━━━━━ Data shown ━━━━━

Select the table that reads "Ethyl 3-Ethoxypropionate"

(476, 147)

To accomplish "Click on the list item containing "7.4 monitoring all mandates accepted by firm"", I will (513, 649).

━━━━━
━━━━━ Data shown ━━━━━

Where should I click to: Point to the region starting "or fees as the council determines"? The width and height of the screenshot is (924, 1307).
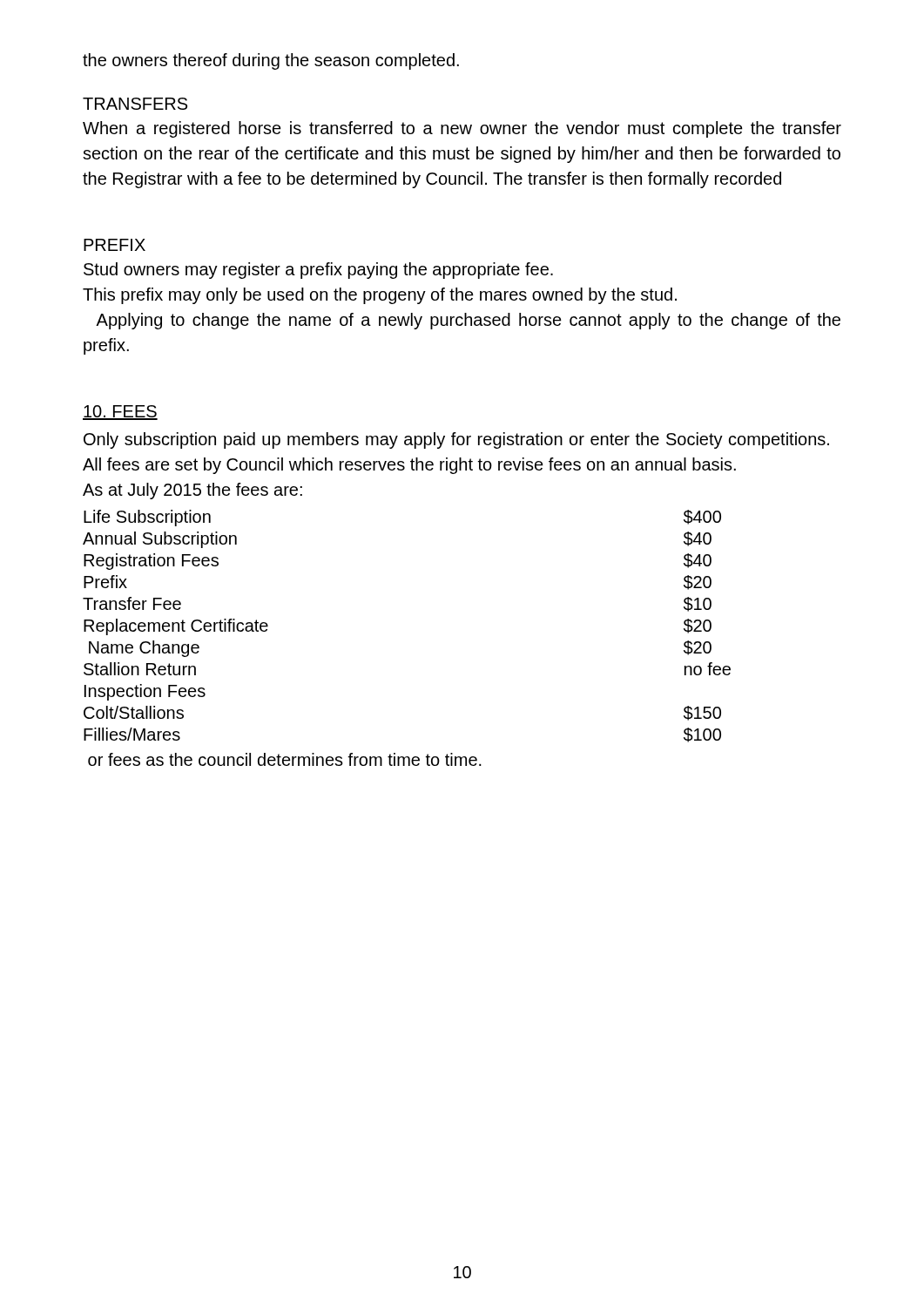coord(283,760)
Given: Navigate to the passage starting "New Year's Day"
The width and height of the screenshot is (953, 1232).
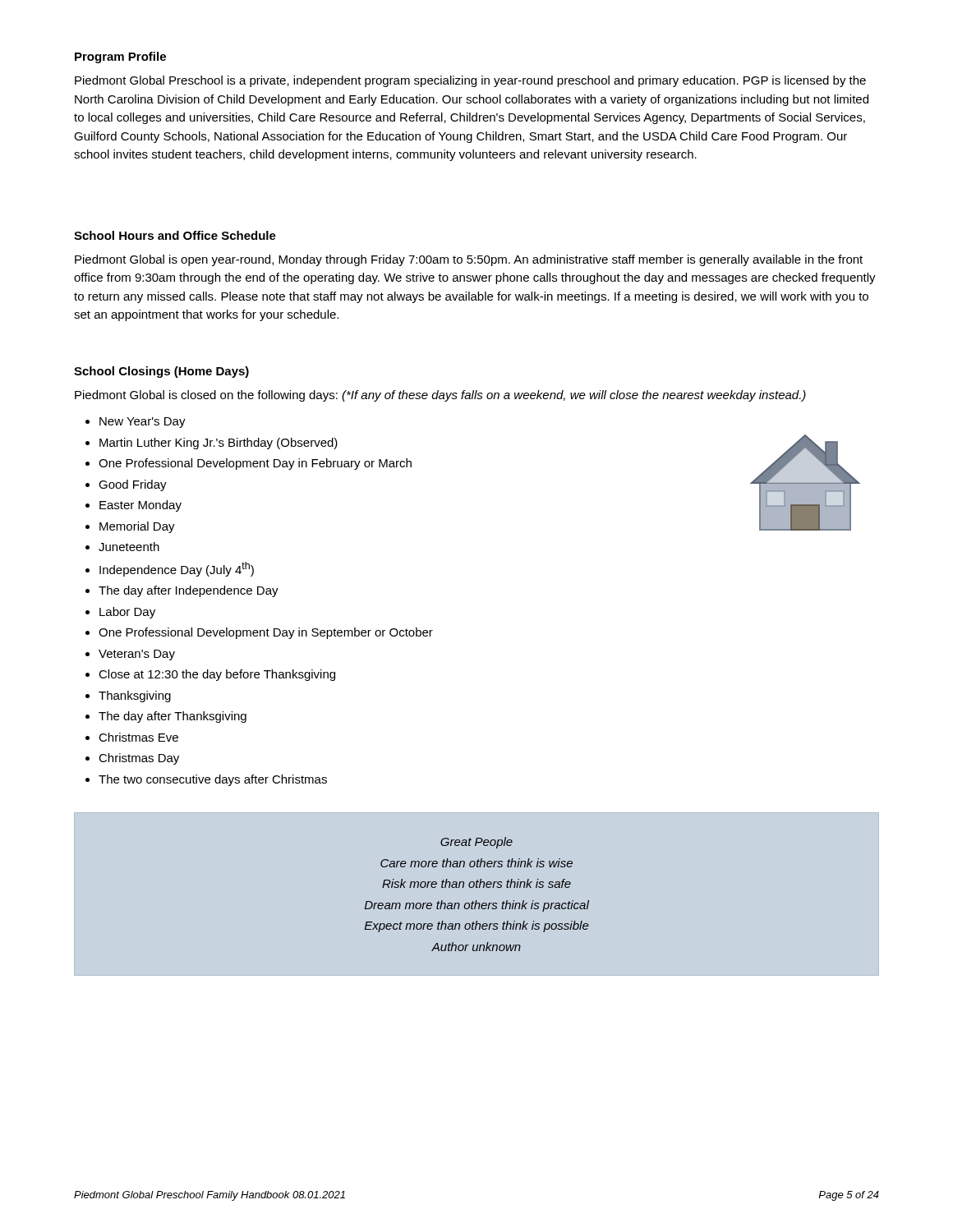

━━━━━
━━━━━ Data shown ━━━━━

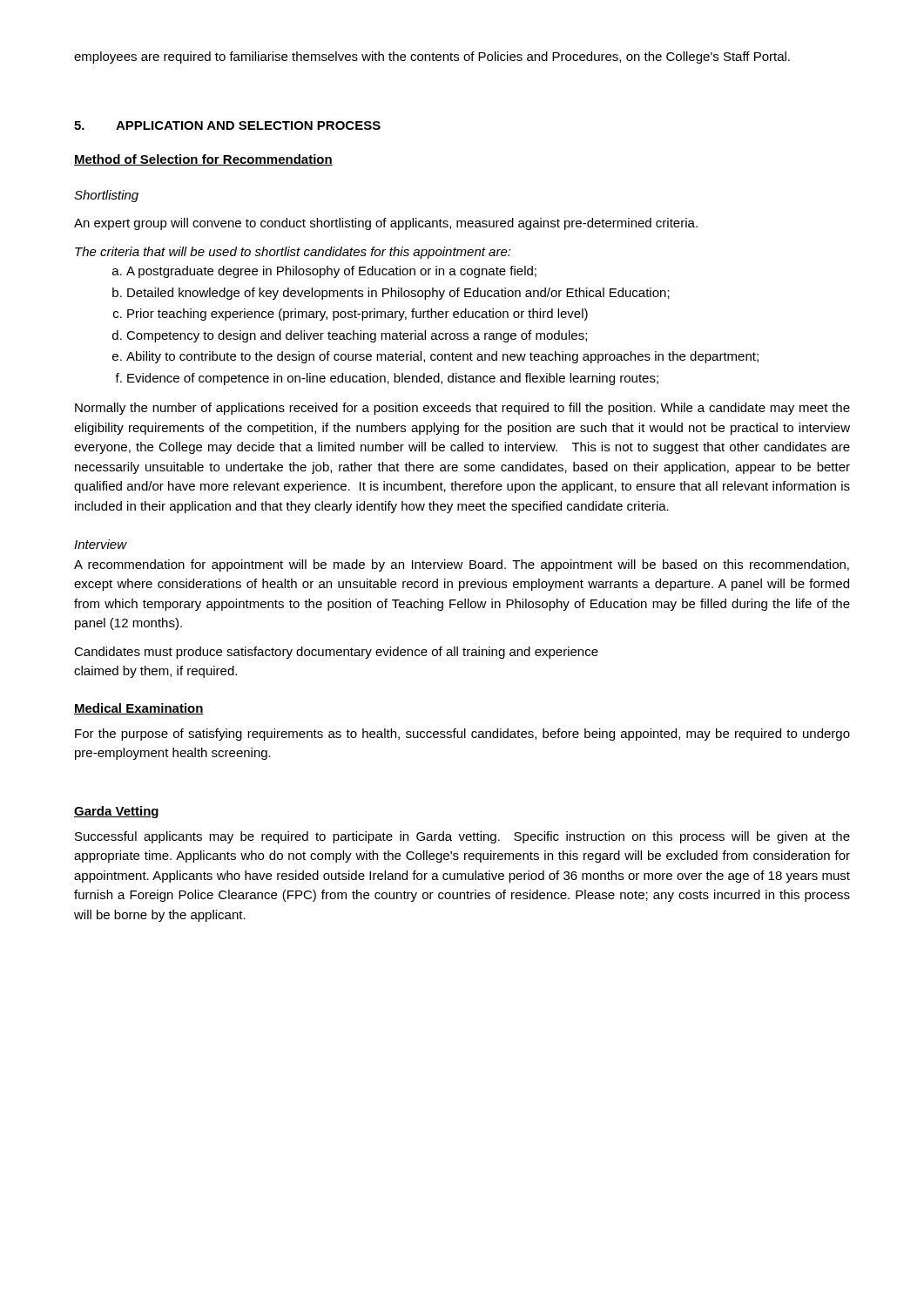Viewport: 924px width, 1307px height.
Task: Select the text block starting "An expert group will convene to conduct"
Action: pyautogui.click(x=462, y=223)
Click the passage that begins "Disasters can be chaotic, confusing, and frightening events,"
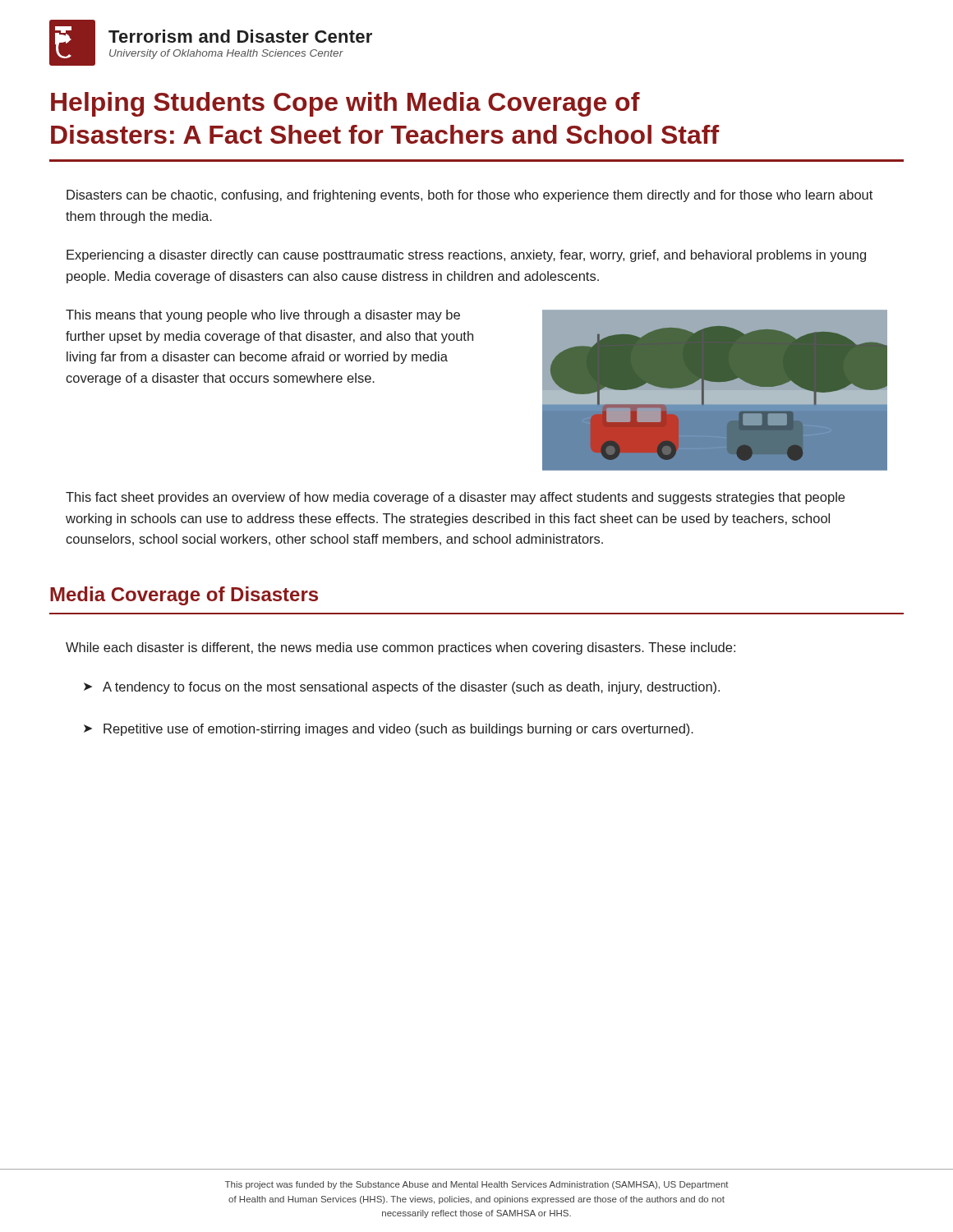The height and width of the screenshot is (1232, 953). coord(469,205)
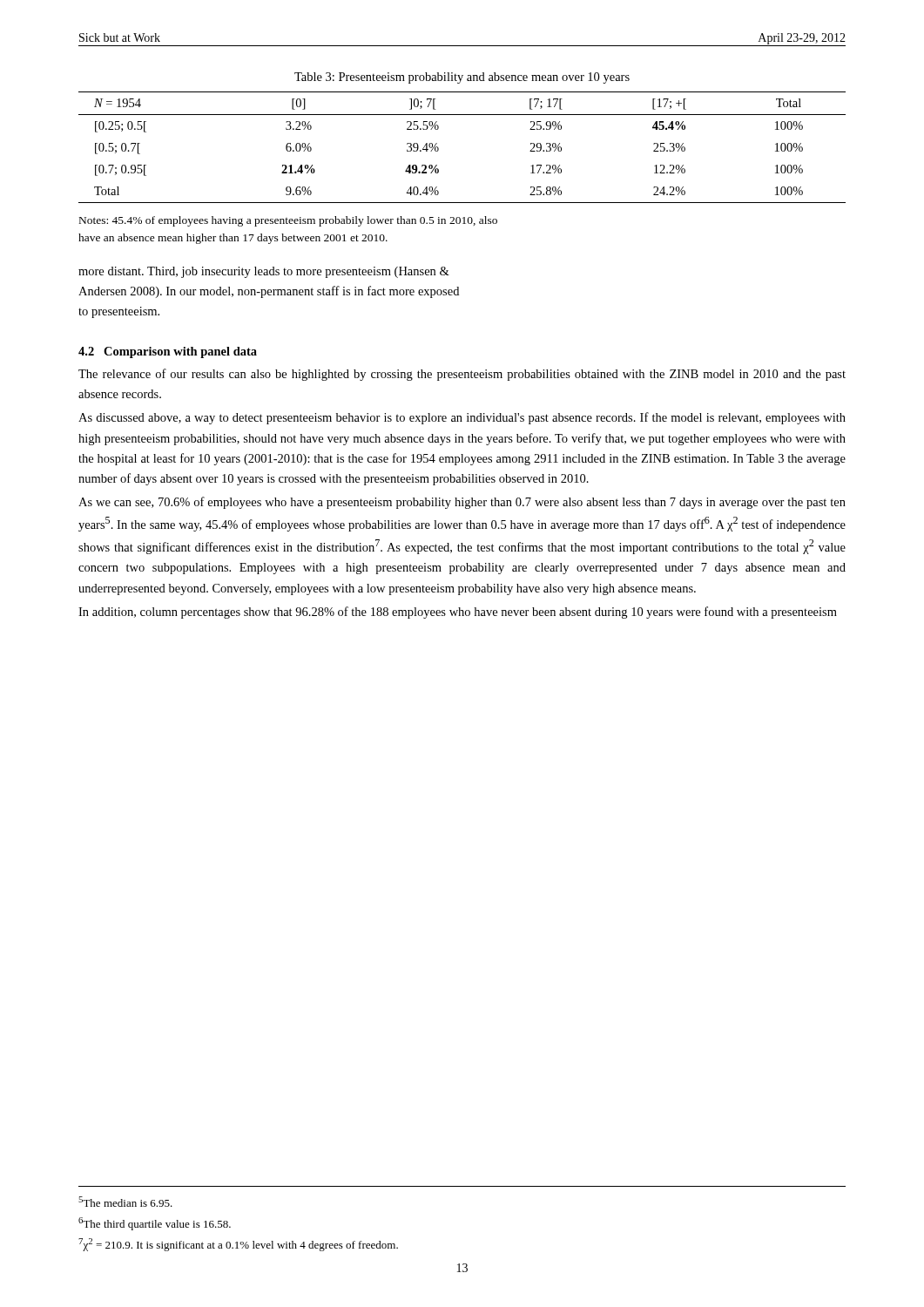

━━━━━

What to work on: Restate word for word the lines in the material above from the one with "Given: Navigate to" to the one with "The width and height of the screenshot is (953, 1232)."; both of those lines count, and nothing else does.

Exercise solution:
Given: Navigate to the passage starting "New Year's Day"
The width and height of the screenshot is (953, 1232).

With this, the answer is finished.